Yesterday was a bad day.

I almost got run over on the walk to the bus stop. An old guy in his huge SUV not looking. The problem being that right where I live, this part of the road is under construction. So when I have the walk signal, their only option is to turn. That was kinda scary, because I thought I actually might be hit. Plus, I have Greek classes, and since it’s learning another language, I can’t miss classes.

“If I get hit by a car, is that a good reason to miss class?” O_O

Then I had my 3 hour break in between classes, and had to make a phone call to get my drugs later, so I found a quiet space outside to do it. After, I don’t know what I was doing, when a seagull crapped on my shirt. Not on my shoulder, no. It was near my hip. On my really nice cute shirt, one of my faves. So that was fun. And I wasn’t amused when my mom told me it was supposed to be good luck.

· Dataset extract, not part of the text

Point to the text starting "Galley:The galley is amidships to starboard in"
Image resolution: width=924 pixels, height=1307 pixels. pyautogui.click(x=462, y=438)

Since I have a cold, which is just a cough and a runny nose (awesome, btw), I went to get a Chai latte before the next class. I don’t drink coffee (remember, we talked about this in my post about friends and coffee). Somehow my Chai latte got coffee in it! I was super disgusted, what a foul taste! They made me a new one, a delish one.

What a horrible, awful day right? My life is SO hard.

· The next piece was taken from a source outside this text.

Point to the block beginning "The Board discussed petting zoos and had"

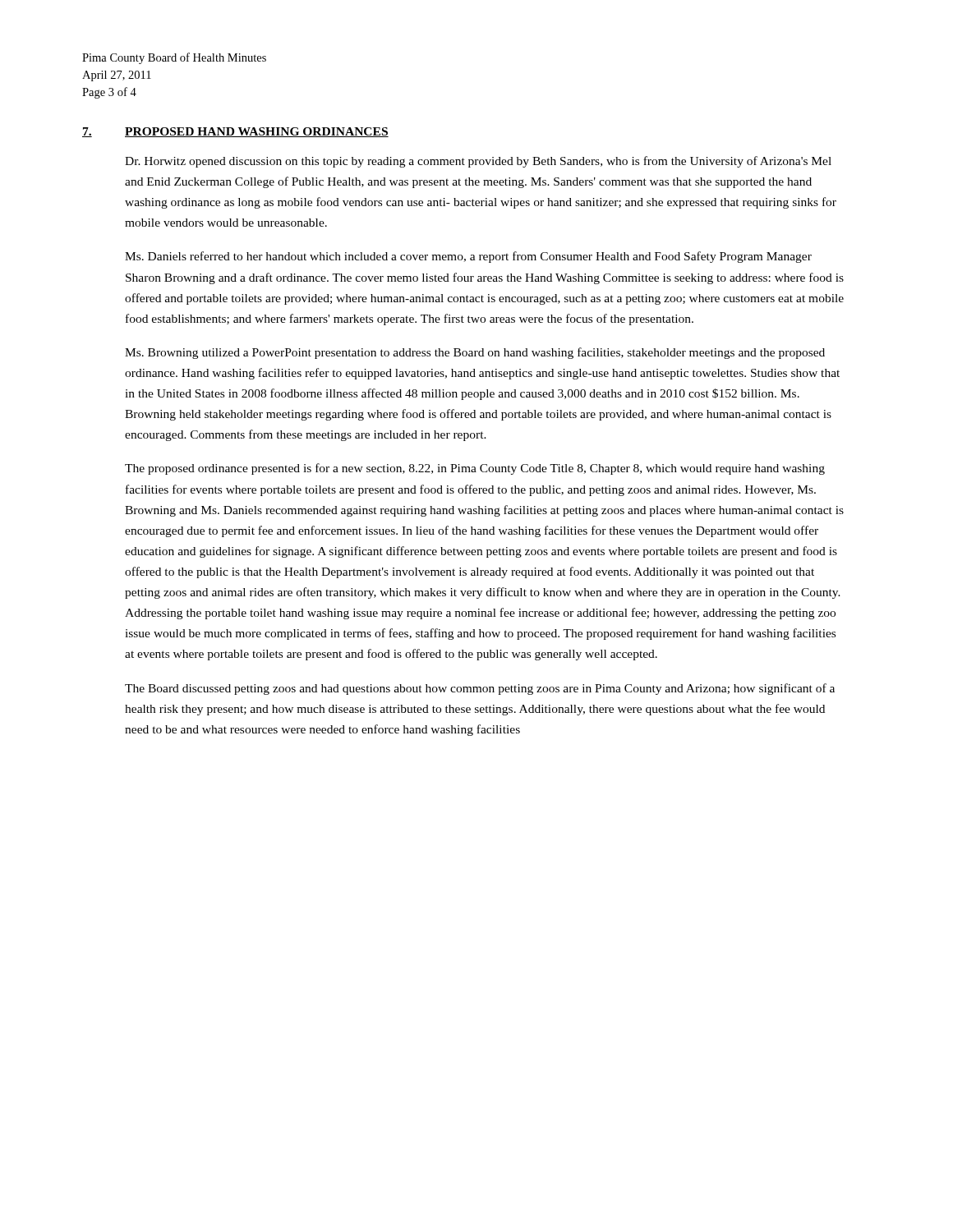point(480,708)

And then on the way home after my super long day, I realized… this was a pretty great bad day.

When you consider the fact that a year and a half ago, a bad day was me sobbing into the phone to my mom because I was so upset from fighting with my best friend/roommate, hated myself, was missing classes and was so lonely all the time. The anxiety and worries  and stress were killing me. I still feel upset thinking about those days.

And I still miss that best friend. The best of the best. We were amazing together. My friend is going through a bad breakup, and months later is still sad about it. The picture she posted on facebook yesterday made me so sad and upset.

I wish I still knew him. I wish so much that I did, that we could just have one normal conversation again.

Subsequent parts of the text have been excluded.